Today I went into options and choose "Do not send notifications by email". But I still get them by email. Is this a bug?


----------



## Kelly B

No - you won't receive notifications for threads in which you participate after you made the change today, but you will continue to receive them for threads you subscribed to before you made the change. To turn them all off, go to your list of subscribed threads, either through your User Control Panel or My Threads. Look for check marks in the notification column, and remove the check marks from those boxes to turn each one off.


----------



## jann

Youngfun said:


> Today I went into options and choose "Do not send notifications by email". But I still get them by email. Is this a bug?





Kelly B said:


> No - you won't receive notifications for threads in which you participate after you made the change today, but you will continue to receive them for threads you subscribed to before you made the change. To turn them all off, go to your list of subscribed threads, either through your User Control Panel or My Threads. Look for check marks in the notification column, and remove the check marks from those boxes to turn each one off.



Please see Email notification.


----------



## Youngfun

Thanks Kelly B and jann.
I just ntoiced that under "My Thread" there is a column "Notification". On some of them (new subscribed threads) there is "none", on some (old ones) there is "instant". I selected them all and clicked on "Don't sent notification".


----------



## jmt356

jann said:


> But what I'm trying to explain is even when we did have email notification fully enabled on our forums in the past, it did not work the way you describe. Instead, the content of the first unread post -- and only the first unread post -- was delivered to your email inbox. It was always impossible to get the content of any subsequent unread replies delivered via email.

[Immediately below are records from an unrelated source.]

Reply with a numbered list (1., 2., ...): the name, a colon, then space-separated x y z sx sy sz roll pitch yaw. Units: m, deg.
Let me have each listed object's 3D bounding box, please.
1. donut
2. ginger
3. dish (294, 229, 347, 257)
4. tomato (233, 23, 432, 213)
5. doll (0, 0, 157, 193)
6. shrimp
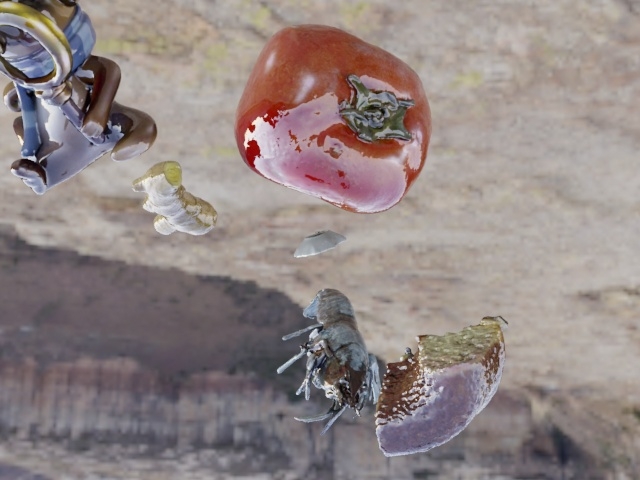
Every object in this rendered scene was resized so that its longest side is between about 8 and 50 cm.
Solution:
1. donut: 0.156 0.194 1.517 0.186 0.144 0.126 -15 -171 24
2. ginger: -0.246 -0.070 2.035 0.118 0.065 0.299 -11 162 0
3. dish: 0.000 0.000 2.724 0.137 0.039 0.091 -23 -169 -39
4. tomato: 0.020 -0.200 1.971 0.325 0.293 0.290 15 173 -28
5. doll: -0.380 -0.226 1.629 0.318 0.340 0.209 18 -136 41
6. shrimp: 0.024 0.217 2.295 0.221 0.410 0.166 24 126 -17
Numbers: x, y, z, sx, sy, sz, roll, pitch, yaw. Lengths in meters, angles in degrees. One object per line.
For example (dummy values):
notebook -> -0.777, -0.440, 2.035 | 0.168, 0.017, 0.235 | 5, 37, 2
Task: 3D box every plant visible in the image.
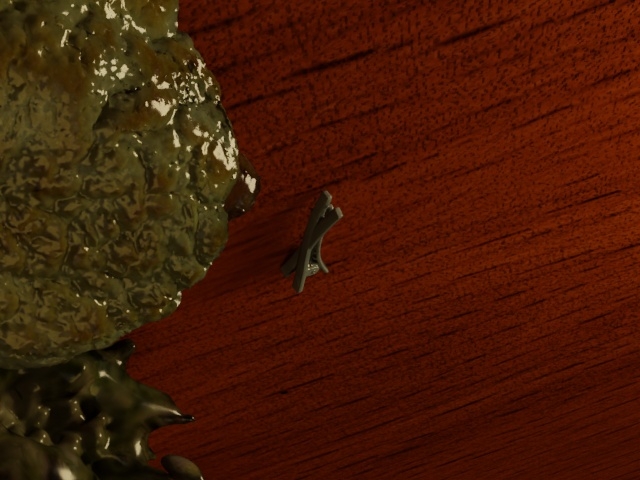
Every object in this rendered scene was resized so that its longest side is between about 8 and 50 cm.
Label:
plant -> -0.275, 0.224, 1.057 | 0.251, 0.180, 0.333 | 10, 142, -26

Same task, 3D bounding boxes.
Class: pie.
pie -> -0.165, -0.046, 0.668 | 0.257, 0.105, 0.274 | -38, 132, -20

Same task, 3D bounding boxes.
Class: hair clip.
hair clip -> -0.001, -0.001, 1.000 | 0.039, 0.030, 0.115 | -26, 157, -31

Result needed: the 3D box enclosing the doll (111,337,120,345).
doll -> -0.203, 0.044, 0.803 | 0.209, 0.097, 0.137 | 12, 133, -47
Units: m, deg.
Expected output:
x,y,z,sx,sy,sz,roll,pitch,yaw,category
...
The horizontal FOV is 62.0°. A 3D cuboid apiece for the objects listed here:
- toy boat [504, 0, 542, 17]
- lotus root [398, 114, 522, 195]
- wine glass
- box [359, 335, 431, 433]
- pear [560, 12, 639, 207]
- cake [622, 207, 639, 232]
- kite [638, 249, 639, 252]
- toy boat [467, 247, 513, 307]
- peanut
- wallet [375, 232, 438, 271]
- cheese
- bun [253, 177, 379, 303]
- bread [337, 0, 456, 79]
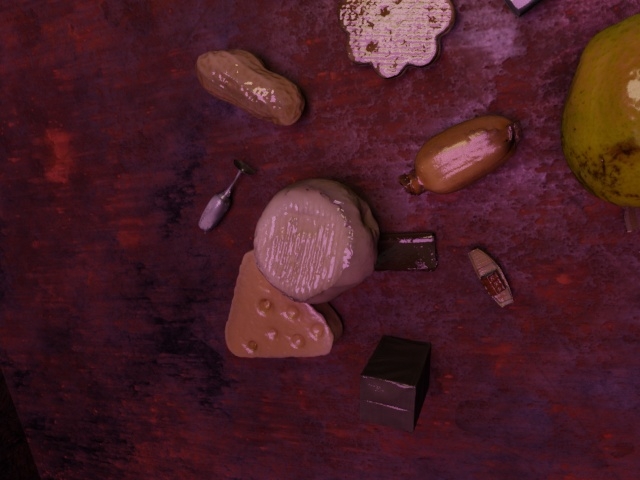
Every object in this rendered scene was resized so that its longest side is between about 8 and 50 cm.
x,y,z,sx,sy,sz,roll,pitch,yaw,category
0.504,-0.577,1.110,0.260,0.085,0.078,-39,91,18,toy boat
0.335,-0.202,1.274,0.303,0.131,0.146,-28,97,25,lotus root
-0.291,-0.125,1.599,0.074,0.074,0.262,42,119,5,wine glass
0.212,0.391,1.476,0.149,0.231,0.155,6,111,21,box
0.646,-0.257,1.004,0.391,0.391,0.390,7,111,20,pear
0.707,-0.039,1.183,0.052,0.121,0.065,-17,109,33,cake
0.778,0.008,1.235,0.044,0.002,0.078,40,119,5,kite
0.439,0.093,1.372,0.065,0.066,0.172,-30,94,31,toy boat
-0.183,-0.410,1.413,0.313,0.152,0.152,30,117,11,peanut
0.218,0.032,1.461,0.198,0.031,0.110,-1,108,24,wallet
-0.102,0.225,1.620,0.384,0.104,0.383,8,110,21,cheese
0.000,0.000,1.435,0.360,0.211,0.359,1,92,32,bun
0.173,-0.493,1.282,0.287,0.056,0.207,14,109,18,bread
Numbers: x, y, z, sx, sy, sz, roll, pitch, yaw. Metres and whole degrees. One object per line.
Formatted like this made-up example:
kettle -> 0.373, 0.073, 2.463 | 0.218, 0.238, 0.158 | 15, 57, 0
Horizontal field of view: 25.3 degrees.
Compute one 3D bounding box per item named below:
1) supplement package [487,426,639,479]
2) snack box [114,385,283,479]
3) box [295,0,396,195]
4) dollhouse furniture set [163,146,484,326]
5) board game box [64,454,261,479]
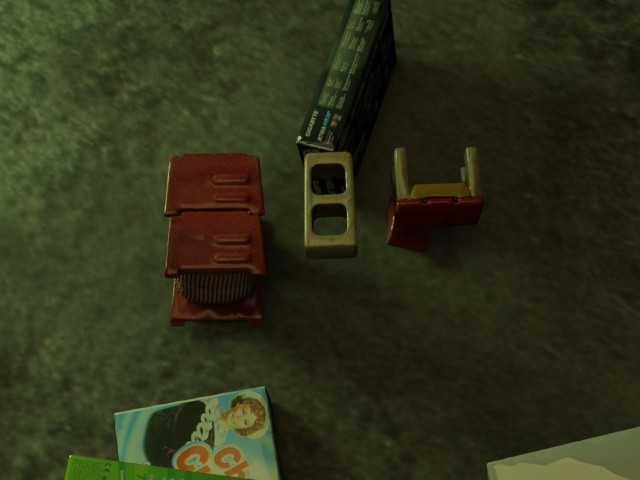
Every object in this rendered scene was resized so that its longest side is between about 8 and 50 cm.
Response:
supplement package -> 0.300, 0.335, 1.576 | 0.194, 0.149, 0.203 | -13, 69, 1
snack box -> -0.128, 0.344, 1.663 | 0.187, 0.060, 0.322 | -11, 69, 1
box -> 0.037, -0.176, 1.777 | 0.051, 0.175, 0.220 | 16, 73, 12
dollhouse furniture set -> 0.000, 0.000, 1.712 | 0.374, 0.201, 0.152 | -1, 69, -2
board game box -> -0.172, 0.323, 1.624 | 0.259, 0.039, 0.124 | 5, 72, 12
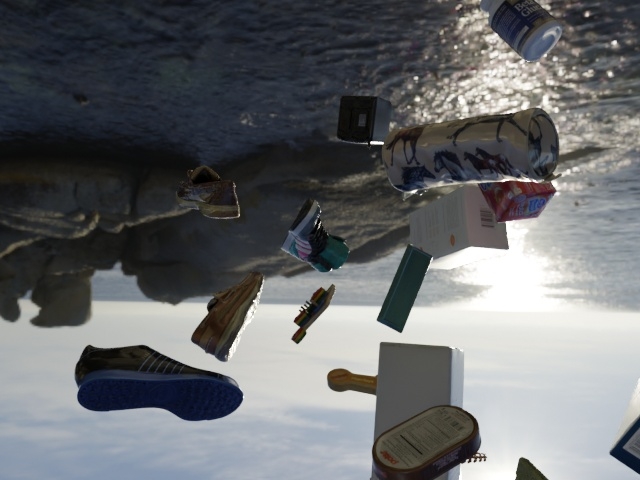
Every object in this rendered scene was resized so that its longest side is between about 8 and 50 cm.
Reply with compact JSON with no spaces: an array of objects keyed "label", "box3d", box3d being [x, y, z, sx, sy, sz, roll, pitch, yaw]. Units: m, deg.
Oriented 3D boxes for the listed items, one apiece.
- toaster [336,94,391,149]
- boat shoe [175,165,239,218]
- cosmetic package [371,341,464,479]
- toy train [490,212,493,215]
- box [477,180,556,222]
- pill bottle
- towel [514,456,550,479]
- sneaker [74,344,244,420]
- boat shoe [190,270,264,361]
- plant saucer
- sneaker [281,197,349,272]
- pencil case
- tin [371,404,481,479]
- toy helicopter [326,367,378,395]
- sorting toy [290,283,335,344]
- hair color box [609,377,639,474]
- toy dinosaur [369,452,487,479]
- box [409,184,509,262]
[{"label":"toaster","box3d":[0.151,-0.417,1.885,0.168,0.185,0.110,15,-166,43]},{"label":"boat shoe","box3d":[-0.321,-0.150,1.509,0.123,0.123,0.342,-5,-164,-29]},{"label":"cosmetic package","box3d":[0.217,0.458,1.173,0.162,0.453,0.230,1,168,22]},{"label":"toy train","box3d":[0.587,-0.079,1.735,0.083,0.017,0.023,10,-154,-27]},{"label":"box","box3d":[0.514,-0.186,1.476,0.128,0.256,0.122,-7,145,-13]},{"label":"pill bottle","box3d":[0.415,-0.464,1.126,0.094,0.169,0.094,-26,154,-14]},{"label":"towel","box3d":[0.430,0.513,1.055,0.027,0.110,0.148,1,-160,-19]},{"label":"sneaker","box3d":[-0.221,0.191,0.754,0.232,0.081,0.090,18,-160,-32]},{"label":"boat shoe","box3d":[-0.231,0.169,1.374,0.116,0.123,0.324,20,-152,2]},{"label":"plant saucer","box3d":[0.189,0.104,1.179,0.067,0.192,0.018,28,164,-10]},{"label":"sneaker","box3d":[0.000,0.000,1.470,0.178,0.123,0.295,29,159,-2]},{"label":"pencil case","box3d":[0.356,-0.205,1.297,0.410,0.183,0.160,0,-147,43]},{"label":"tin","box3d":[0.168,0.323,0.854,0.190,0.040,0.106,-19,-163,-24]},{"label":"toy helicopter","box3d":[0.197,0.437,1.647,0.355,0.140,0.235,6,-152,15]},{"label":"sorting toy","box3d":[-0.020,0.195,1.597,0.046,0.132,0.274,40,-159,-3]},{"label":"hair color box","box3d":[0.844,0.408,1.324,0.105,0.173,0.347,33,-142,26]},{"label":"toy dinosaur","box3d":[0.308,0.676,1.521,0.322,0.218,0.164,-30,160,27]},{"label":"box","box3d":[0.483,-0.036,1.916,0.168,0.215,0.345,5,165,-23]}]
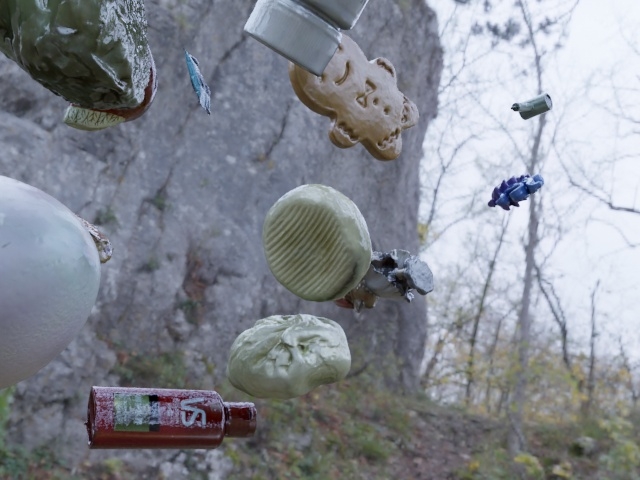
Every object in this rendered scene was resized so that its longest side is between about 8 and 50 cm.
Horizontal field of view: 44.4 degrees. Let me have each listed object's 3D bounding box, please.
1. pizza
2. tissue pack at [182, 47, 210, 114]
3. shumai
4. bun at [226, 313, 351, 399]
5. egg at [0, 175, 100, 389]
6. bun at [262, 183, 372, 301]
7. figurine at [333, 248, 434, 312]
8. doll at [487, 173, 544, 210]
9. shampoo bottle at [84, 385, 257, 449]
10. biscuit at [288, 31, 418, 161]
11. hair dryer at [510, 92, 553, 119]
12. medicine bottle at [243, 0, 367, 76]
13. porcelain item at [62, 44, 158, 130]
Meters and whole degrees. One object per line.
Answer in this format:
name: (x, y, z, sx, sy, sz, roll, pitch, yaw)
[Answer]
pizza: (-0.497, -0.018, 1.503, 0.305, 0.086, 0.161, 27, -8, 45)
tissue pack: (-0.267, -0.351, 1.727, 0.027, 0.138, 0.085, -21, -14, 5)
shumai: (-0.380, -0.300, 1.020, 0.288, 0.292, 0.330, -6, -6, -5)
bun: (-0.058, 0.201, 1.439, 0.229, 0.145, 0.229, -1, 16, 0)
egg: (-0.507, 0.055, 1.227, 0.339, 0.355, 0.354, -15, -30, 13)
bun: (0.000, 0.000, 1.434, 0.222, 0.127, 0.223, 8, -65, 18)
figurine: (0.109, 0.112, 2.023, 0.386, 0.166, 0.207, -13, -35, 43)
doll: (0.403, -0.101, 1.614, 0.067, 0.110, 0.206, 62, -6, -2)
shampoo bottle: (-0.276, 0.334, 1.468, 0.314, 0.118, 0.076, 8, -44, -24)
biscuit: (0.081, -0.350, 1.852, 0.355, 0.275, 0.052, 42, -28, -17)
hair dryer: (0.404, -0.263, 1.535, 0.063, 0.038, 0.124, -20, -6, 37)
medicine bottle: (0.011, -0.550, 1.636, 0.211, 0.372, 0.211, 30, 9, -5)
porcelain item: (-0.457, -0.338, 1.556, 0.252, 0.253, 0.253, 15, -20, 6)

Thank you for clarifying. Yes, this is how most other forums work. I still find that forum useful. I often go back to the forum when there is an important topic and I want to read earlier posts or want to reply. Visiting the forum causes future messages to come to my inbox. The important thing is I have everything in my inbox, which to me is much easier to search than going to the web site, especially in my case, since I participate in multiple forums. It is convenient to have all of the messages in my inbox.


----------



## jmt356

Each time I receive a notification, it states "There may also be other replies, but you will not receive any more notifications until you visit the forum again." However, it appears that when I am subscribed to a thread, I get a notification each time there is a reply, even if I have not visited the forum since receiving the last notification. Why is this? Is it based on my settings?


----------



## jmt356

Is it normal to receive multiple notifications in the same day when different people reply to a thread I am subscribed to even if I have not visited the thread in the time between each notification?


----------